Business Insurance

What's the difference between self-employed and freelance?

Confused if you're a freelancer, self employed—or both? We explain the differences here and explain how to get properly registered with the HMRC.

As we often call self-employed and freelance workers different things, what’s the actual difference between the two? It can be confusing getting to grips with the different terminology and legal differences, but they’re more similar than you think. Below, we’ll go through whether or not freelancers and the self-employed are different, or the same.

Table of Contents

Is freelance and self-employed the same thing

Legally, freelancers and self-employed are the same thing, but there are a few differences. Firstly, all freelancers are self-employed, but not every self-employed person is a freelancer. Freelancers typically work on multiple short-term projects for different businesses, whereas self-employed are more likely to be entrepreneurs, business owners or start-up founders.

When it comes to paperwork and your legal status, however, both are the same.

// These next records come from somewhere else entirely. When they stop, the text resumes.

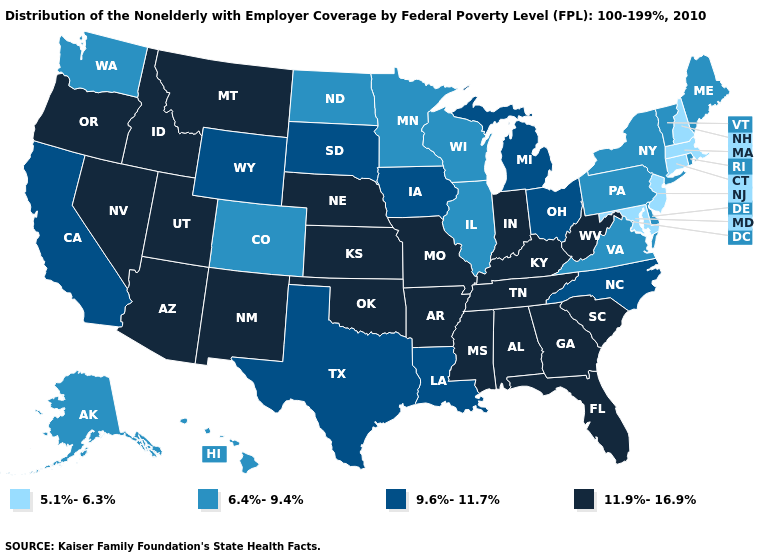Does New Jersey have the lowest value in the USA?
Keep it brief. Yes. What is the value of Kentucky?
Short answer required. 11.9%-16.9%. Does North Carolina have the same value as South Dakota?
Quick response, please. Yes. What is the value of Washington?
Short answer required. 6.4%-9.4%. Does Mississippi have a lower value than New Hampshire?
Write a very short answer. No. Does Michigan have the same value as Minnesota?
Keep it brief. No. What is the value of Michigan?
Write a very short answer. 9.6%-11.7%. Does the first symbol in the legend represent the smallest category?
Answer briefly. Yes. Name the states that have a value in the range 6.4%-9.4%?
Answer briefly. Alaska, Colorado, Delaware, Hawaii, Illinois, Maine, Minnesota, New York, North Dakota, Pennsylvania, Rhode Island, Vermont, Virginia, Washington, Wisconsin. Is the legend a continuous bar?
Short answer required. No. Name the states that have a value in the range 6.4%-9.4%?
Give a very brief answer. Alaska, Colorado, Delaware, Hawaii, Illinois, Maine, Minnesota, New York, North Dakota, Pennsylvania, Rhode Island, Vermont, Virginia, Washington, Wisconsin. What is the value of North Carolina?
Give a very brief answer. 9.6%-11.7%. What is the lowest value in the MidWest?
Be succinct. 6.4%-9.4%. What is the highest value in the Northeast ?
Give a very brief answer. 6.4%-9.4%.

Difference between freelance and self-employed

The main difference between freelancers and self-employed is how you work. Legally, they’re the same thing, but freelancers will tend to do multiple short-term jobs for lots of different businesses, while self-employed people are probably running their own business and have more autonomy.

Freelancers almost always work alone. For example, they work on a particular project for a client, usually for an hourly or set fee. However, what you usually think of as self-employed are people who work for themselves in a registered business, who can also bring in employees or even freelancers to undertake work for them.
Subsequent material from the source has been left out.